## [TASK ITEM]
Below are some records; give them all again exactly, but not the pictures.

## [Items listed in a dataset]
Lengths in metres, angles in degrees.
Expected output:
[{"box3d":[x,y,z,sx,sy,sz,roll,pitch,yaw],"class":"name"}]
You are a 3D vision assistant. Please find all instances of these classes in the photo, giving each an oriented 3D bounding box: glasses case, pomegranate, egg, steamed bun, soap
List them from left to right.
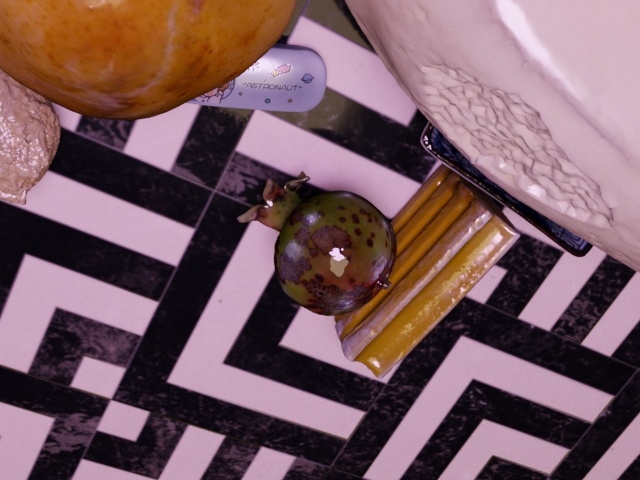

## [RESULT OF THIS EXERCISE]
Lengths in metres, angles in degrees.
Expected output:
[{"box3d":[x,y,z,sx,sy,sz,roll,pitch,yaw],"class":"name"}]
You are a 3D vision assistant. Please find all instances of these classes in the photo, giving each an oriented 3D bounding box: glasses case, pomegranate, egg, steamed bun, soap
List them from left to right.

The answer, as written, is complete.